In the 1960s, WIND shifted to a middle of the road, pop contemporary/pop standards format. In 1967, the station began adding some harder tracks to its playlist. Phil Nolan became general manager of WIND in 1969.

In 1971, WIND evolved into an oldies-heavy adult contemporary format, playing hits from 1955 to present day. In addition to the music played on the station, WIND aired Contact, a nighttime talk show hosted by Dave Baum. Larry "The Legend" Johnson hosted overnights. Ed Schwartz served as a substitute host for Johnson, before replacing him as overnight host in 1973. Schwartz had previously held several behind-the-scenes positions at WIND. Schwartz continued as overnight host on WIND until 1981, when he moved to 720 WGN.

In 1973, WIND won the George Foster Peabody Award for their series "From 18th Street: Destination Peking".

===First talk era===
In September 1978, WIND switched to a news/talk format. Local personalities included Clark Weber, Eddie Schwartz, Dave Baum, Steve King, and Jimmy Piersall.
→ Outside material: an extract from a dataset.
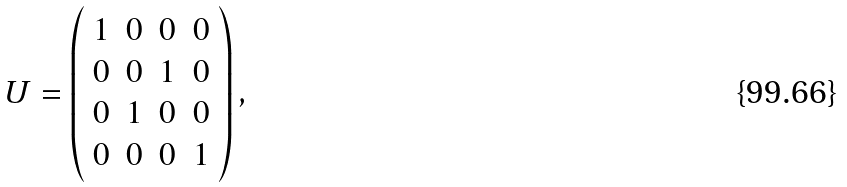Convert formula to latex. <formula><loc_0><loc_0><loc_500><loc_500>U = \left ( \begin{array} { c c c c } { 1 } & { 0 } & { 0 } & { 0 } \\ { 0 } & { 0 } & { 1 } & { 0 } \\ { 0 } & { 1 } & { 0 } & { 0 } \\ { 0 } & { 0 } & { 0 } & { 1 } \end{array} \right ) ,</formula>

Syndicated personalities heard on WIND included British-American talk show host Michael Jackson and Dr. Toni Grant. The Larry King Show was heard overnight.

===Spanish era===
In 1985, Westinghouse announced that they would sell WIND to Tichenor Radio for $6.85 million. On December 12, 1985, at 1:03 pm, on the same day of the closing of the sale to Tichenor, WIND officially signed off the air by playing "The Whiffenpoof Song" and "The Star-Spangled Banner". Soon thereafter, WIND signed back on the air, with a Spanish language format. The station aired Mexican mariachi and ranchera music and was branded "La Tremenda". By the late 1990s, the station was airing a Spanish talk/romantica format. In 1997, Tichenor Media merged with Heftel Broadcasting to form the Hispanic Broadcasting Corporation, which merged with Univision Communications in 2004. In October 2003, the station's talk programming moved to AM 1200 WRTO, and it began airing a Spanish adult contemporary format.

===Second talk era===
In 2004, Univision Radio announced a multi-station swap with Salem Communications. This resulted in Salem acquiring WIND, while Univision Radio received 106.7 WZFS (now WPPN).

On November 1, 2004, WIND once again became an English-language talk station. Its original line-up included Bill Bennett, Laura Ingraham, Dennis Prager, Michael Medved, Michael Savage, Hugh Hewitt, and Mike Gallagher.

In July 2005, WIND entered into an agreement with the University of Illinois to carry Fighting Illini football and men's basketball games, as well as the coaches shows, through the Illini Sports Radio Network. Those broadcasts continued through the 2013 football season, with the Illini moving back to their longtime Chicago affiliate, WSCR. WIND was formerly the alternate station of the Chicago Blackhawks and the Northwestern Wildcats in the case of scheduling conflicts at their flagship, WGN.

On January 21, 2013, WIND rebranded as AM 560 The Answer, to follow suit with other Salem Communications-owned stations.

In 2014, WIND became the Chicago radio home for Northern Illinois Huskies football. "Beyond The Beltway" with Bruce DuMont was heard on Sunday evenings until January 19, 2025.